Come è evidente, l’Italia non è tra i Paesi con il tax freedom day peggiore d’Europa, nonostante l’ammontare delle tasse che pesano sui contribuenti sia spesso ritenuto altissimo.

Il peso delle tasse in Italia

La Cgia ha spiegato questa posizione dell’Italia anche con alcuni interventi mirati a far calare la pressione fiscale negli ultimi anni. Nel 2025 il Governo ha aumentato le detrazioni Irpef e ha previsto un bonus per i redditi da lavoro dipendente fino a 20mila euro, con l’intento di ridurre il cuneo fiscale e a compensazione della decontribuzione.
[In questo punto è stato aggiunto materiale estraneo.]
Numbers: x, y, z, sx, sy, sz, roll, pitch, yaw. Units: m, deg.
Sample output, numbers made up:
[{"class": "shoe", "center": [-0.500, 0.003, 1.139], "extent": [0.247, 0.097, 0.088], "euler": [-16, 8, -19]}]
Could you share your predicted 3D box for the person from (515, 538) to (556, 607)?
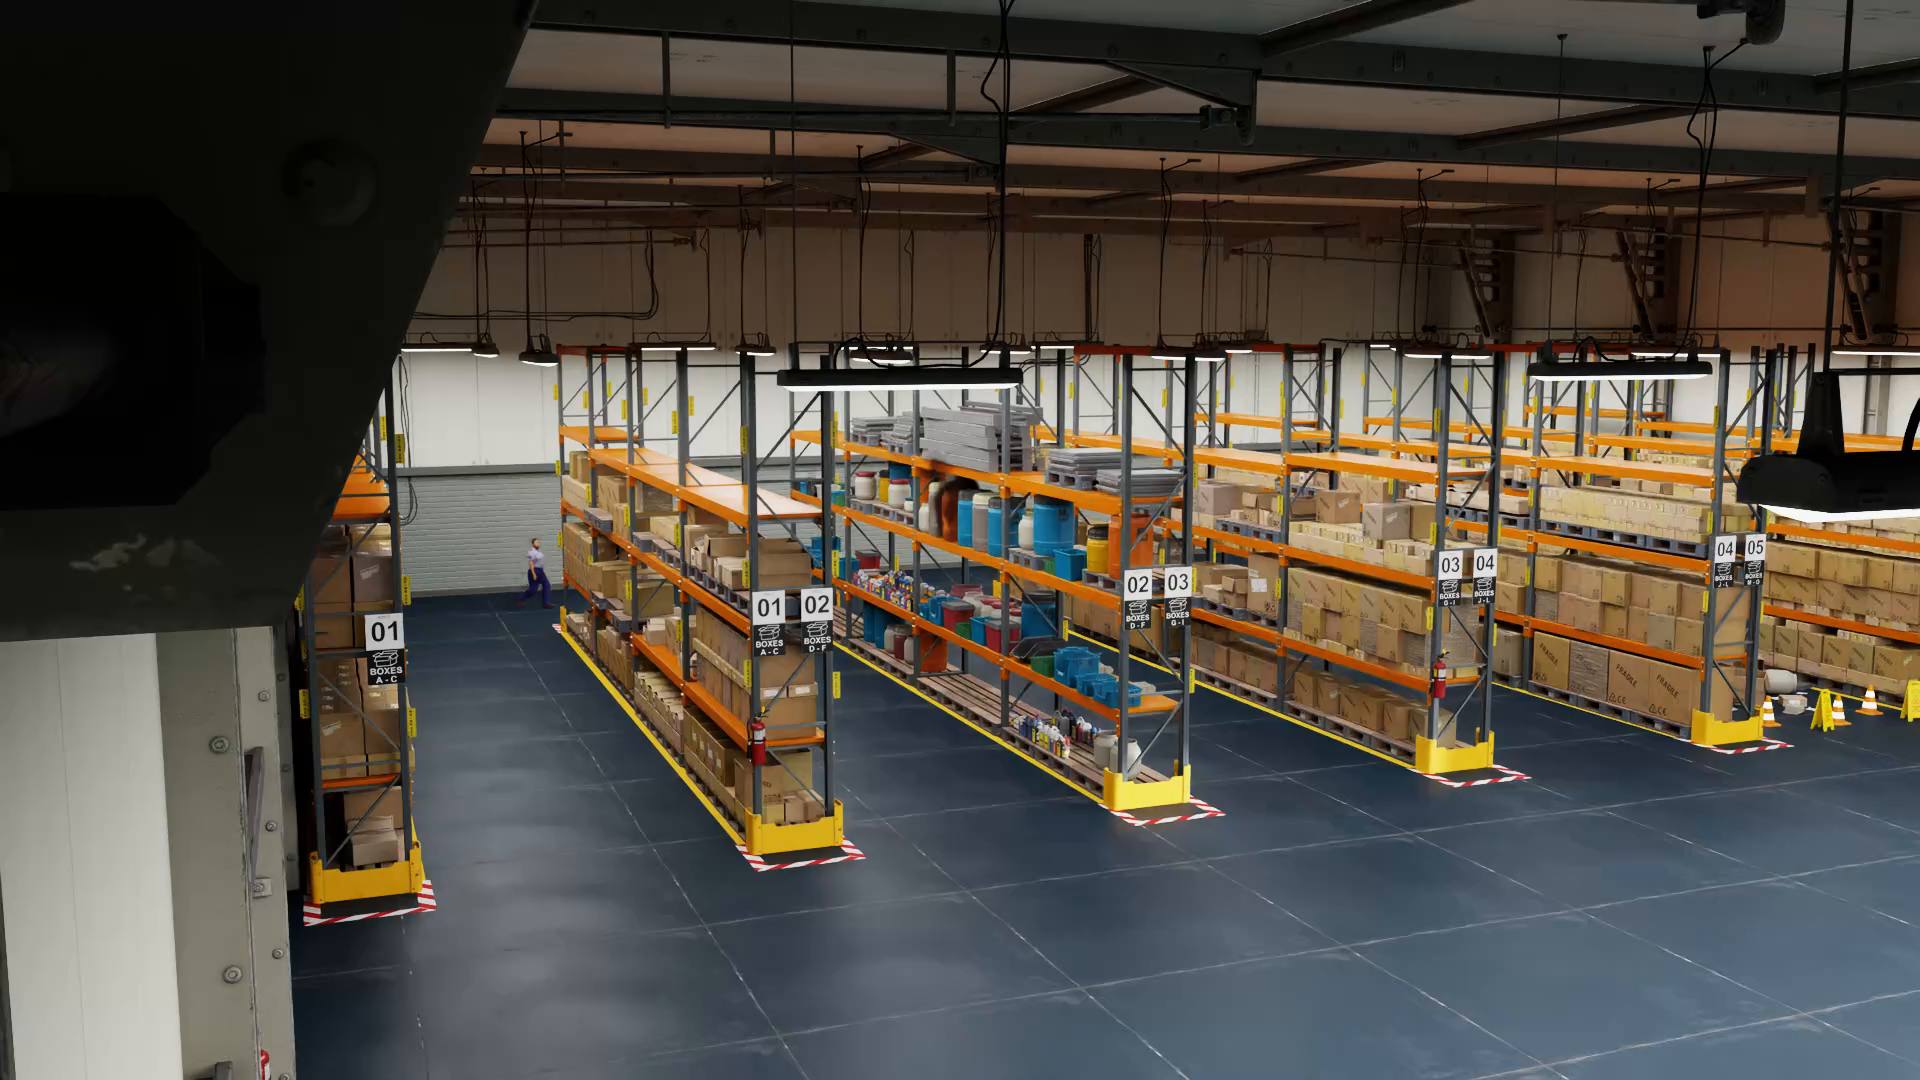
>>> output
[{"class": "person", "center": [-9.646, 0.741, 37.717], "extent": [0.865, 1.598, 0.560], "euler": [0, 7, 1]}]

Questo non è però stato l’unico fattore a contribuire alla riduzione della pressione fiscale, come spiegato dallo studio:

Il buon andamento delle entrate fiscali nel 2024 è stato determinato da fattori economici che hanno condizionato la crescita delle imposte sostitutive attinenti ai redditi da capitale. Non va nemmeno dimenticata la crescita registrata dalle retribuzioni; grazie ai rinnovi contrattuali, alla corresponsione degli arretrati nel pubblico impiego e all’aumento del numero di occupati l’Irpef e i contributi previdenziali hanno subito un rialzo positivo.